(Data entries)

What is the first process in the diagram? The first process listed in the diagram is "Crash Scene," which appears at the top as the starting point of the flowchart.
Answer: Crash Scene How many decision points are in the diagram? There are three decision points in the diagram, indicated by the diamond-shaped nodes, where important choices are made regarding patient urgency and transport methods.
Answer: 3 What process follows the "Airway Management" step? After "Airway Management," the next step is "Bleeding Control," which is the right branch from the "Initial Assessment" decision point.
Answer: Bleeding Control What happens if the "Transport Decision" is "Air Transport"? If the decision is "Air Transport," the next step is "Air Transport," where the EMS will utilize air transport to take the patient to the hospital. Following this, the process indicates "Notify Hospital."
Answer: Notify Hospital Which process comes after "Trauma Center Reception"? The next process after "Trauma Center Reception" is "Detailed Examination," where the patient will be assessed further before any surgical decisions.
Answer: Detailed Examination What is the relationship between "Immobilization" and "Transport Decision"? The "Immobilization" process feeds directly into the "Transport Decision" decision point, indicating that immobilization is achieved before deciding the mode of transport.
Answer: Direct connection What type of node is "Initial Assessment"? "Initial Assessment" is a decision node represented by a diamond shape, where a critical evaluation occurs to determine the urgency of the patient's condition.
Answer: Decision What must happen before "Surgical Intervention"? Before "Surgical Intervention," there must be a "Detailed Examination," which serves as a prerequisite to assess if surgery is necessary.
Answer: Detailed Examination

» Description of the task
Send back the lines of the records word for word, from the very first through the line containing "Answer: Bleeding Control".

» Result below
What is the first process in the diagram? The first process listed in the diagram is "Crash Scene," which appears at the top as the starting point of the flowchart.
Answer: Crash Scene How many decision points are in the diagram? There are three decision points in the diagram, indicated by the diamond-shaped nodes, where important choices are made regarding patient urgency and transport methods.
Answer: 3 What process follows the "Airway Management" step? After "Airway Management," the next step is "Bleeding Control," which is the right branch from the "Initial Assessment" decision point.
Answer: Bleeding Control What happens if the "Transport Decision" is "Air Transport"? If the decision is "Air Transport," the next step is "Air Transport," where the EMS will utilize air transport to take the patient to the hospital. Following this, the process indicates "Notify Hospital."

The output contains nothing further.